# 0151 nummer



## Unregistriert (2 Juli 2008)

Hi
Ich hab in wkw (Wer-kennt-wen) ne Nachricht von einer, mir unbekannten Person erhalten. Den Account der Person gibt es nicht mehr und sie hat auch keine Anfrage gemacht, ob ich sie kennen würde. Sie meinte, ich sollte ihr unter 0151 110... eine Nachricht schicken, mit der Begründung, sie wolle mich besser kennen lernen.

N bisschen komisch find ich das schon. Kann ich die Nachricht schicken oder sollte ich es sein lassen?


----------



## Unregistriert (2 Juli 2008)

*AW: 0151 nummer*



> oder sollte ich es sein lassen?


JA !  
Es sei denn du willst mit einem Moderator / Betreuer chatten und pro sms 1.99 € bezahlen.


----------



## Unregistriert (6 Juli 2008)

*AW: 0151 nummer*

Schon etwas komisch ich habe auch unter wkw eine NAchricht erhalten von einer Person dier ich nicht kenne. Das Profil von dieser Person ist auch unter wkw nicht mehr vorhanden.

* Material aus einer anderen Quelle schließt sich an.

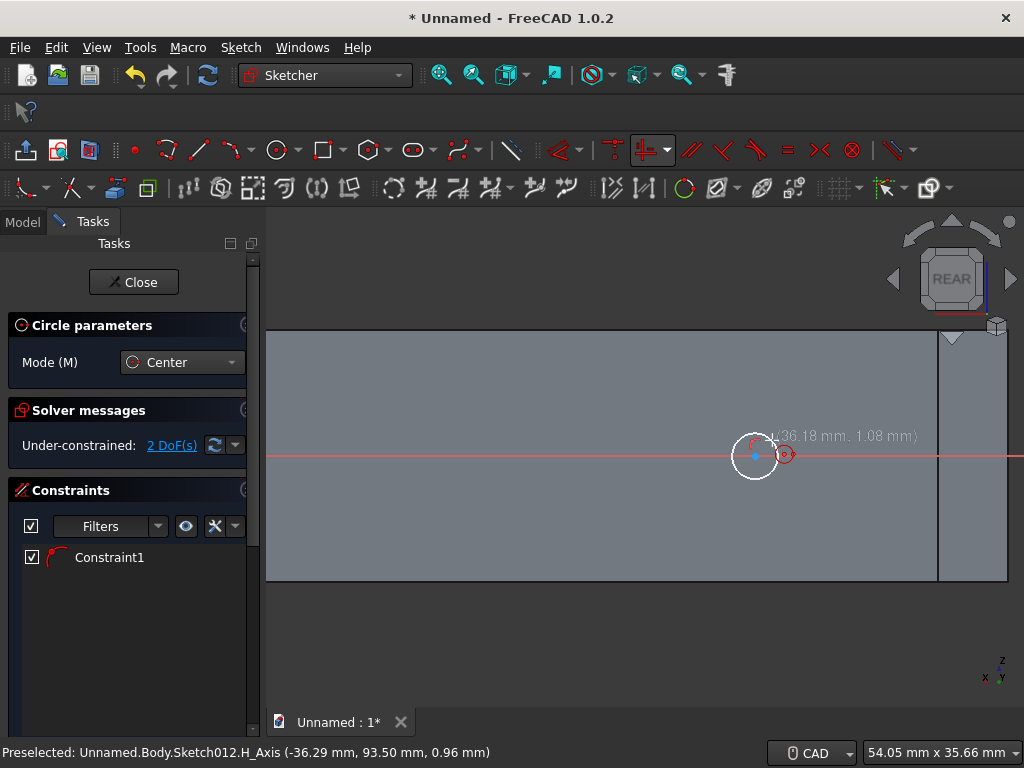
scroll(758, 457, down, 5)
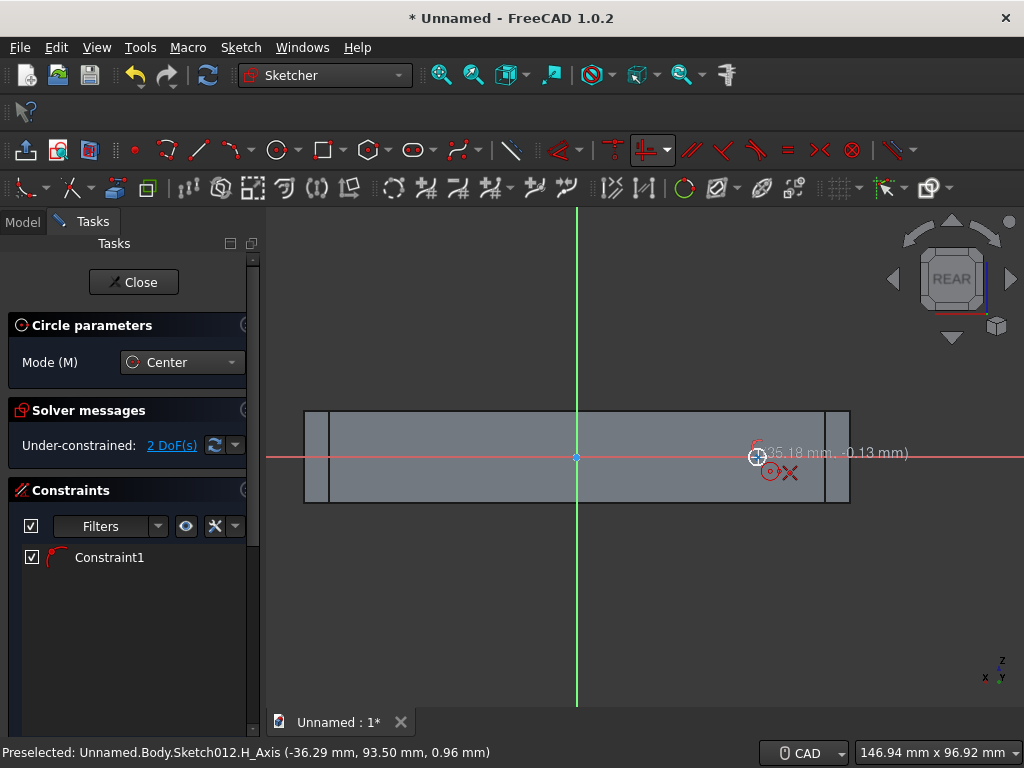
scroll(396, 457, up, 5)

Folgende Nachrcht habe ich erhalten





> :" Hallöchen, wie war dein Tag ?? Dein Profil klingt sehr
> ansprechend und macht mich neugierig wie du wirklich
> bist. meine freunde sagen ich bin eine crazy frohnatur,
> doch leider immernoch single. Na ja und da dachte ich
> ...


Was haltet ihr davon? Eine SMS sollte ich Ihr wahrscheinlich besser nicht schicken, da werde ich dann bestimmt zu einer Nummer gelockt, wo nachher eine SMS 1,99€ kostet. SO Erfahrungen habe ich schon gemacht. Ich könnte die Nummer noch anrufen. Aber ob sich da jemand meldet? Was ratet ihr mir?


----------



## Unregistriert (6 Juli 2008)

*AW: 0151 nummer*



> Ich könnte die Nummer noch anrufen.



Wahrscheinlich meldet sich niemand, da es sich um ein *SMS-Call-Center* handelt.


----------